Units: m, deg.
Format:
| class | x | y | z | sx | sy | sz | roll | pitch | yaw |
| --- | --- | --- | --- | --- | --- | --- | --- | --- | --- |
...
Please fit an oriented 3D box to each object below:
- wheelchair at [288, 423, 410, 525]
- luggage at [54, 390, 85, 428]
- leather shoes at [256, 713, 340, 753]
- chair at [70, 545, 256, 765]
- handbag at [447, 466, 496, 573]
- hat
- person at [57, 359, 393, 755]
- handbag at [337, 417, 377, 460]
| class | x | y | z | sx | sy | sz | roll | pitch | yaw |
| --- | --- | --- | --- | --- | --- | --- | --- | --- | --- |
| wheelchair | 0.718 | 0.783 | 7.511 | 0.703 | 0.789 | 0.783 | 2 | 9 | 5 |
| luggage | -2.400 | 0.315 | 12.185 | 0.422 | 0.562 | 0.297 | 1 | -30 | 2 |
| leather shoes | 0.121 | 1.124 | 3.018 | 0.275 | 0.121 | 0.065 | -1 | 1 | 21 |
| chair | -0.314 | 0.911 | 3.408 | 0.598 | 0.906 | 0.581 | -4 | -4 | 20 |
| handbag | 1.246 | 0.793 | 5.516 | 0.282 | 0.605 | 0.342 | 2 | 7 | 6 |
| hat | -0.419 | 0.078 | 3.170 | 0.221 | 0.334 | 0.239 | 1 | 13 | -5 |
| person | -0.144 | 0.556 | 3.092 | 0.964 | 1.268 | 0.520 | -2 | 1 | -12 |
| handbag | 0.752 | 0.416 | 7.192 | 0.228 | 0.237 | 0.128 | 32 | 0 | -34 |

:: What you will do ::
Restate the listing above word for word.

:: Reply ::
Units: m, deg.
Format:
| class | x | y | z | sx | sy | sz | roll | pitch | yaw |
| --- | --- | --- | --- | --- | --- | --- | --- | --- | --- |
...
Please fit an oriented 3D box to each object below:
- wheelchair at [288, 423, 410, 525]
- luggage at [54, 390, 85, 428]
- leather shoes at [256, 713, 340, 753]
- chair at [70, 545, 256, 765]
- handbag at [447, 466, 496, 573]
- hat
- person at [57, 359, 393, 755]
- handbag at [337, 417, 377, 460]
| class | x | y | z | sx | sy | sz | roll | pitch | yaw |
| --- | --- | --- | --- | --- | --- | --- | --- | --- | --- |
| wheelchair | 0.718 | 0.783 | 7.511 | 0.703 | 0.789 | 0.783 | 2 | 9 | 5 |
| luggage | -2.400 | 0.315 | 12.185 | 0.422 | 0.562 | 0.297 | 1 | -30 | 2 |
| leather shoes | 0.121 | 1.124 | 3.018 | 0.275 | 0.121 | 0.065 | -1 | 1 | 21 |
| chair | -0.314 | 0.911 | 3.408 | 0.598 | 0.906 | 0.581 | -4 | -4 | 20 |
| handbag | 1.246 | 0.793 | 5.516 | 0.282 | 0.605 | 0.342 | 2 | 7 | 6 |
| hat | -0.419 | 0.078 | 3.170 | 0.221 | 0.334 | 0.239 | 1 | 13 | -5 |
| person | -0.144 | 0.556 | 3.092 | 0.964 | 1.268 | 0.520 | -2 | 1 | -12 |
| handbag | 0.752 | 0.416 | 7.192 | 0.228 | 0.237 | 0.128 | 32 | 0 | -34 |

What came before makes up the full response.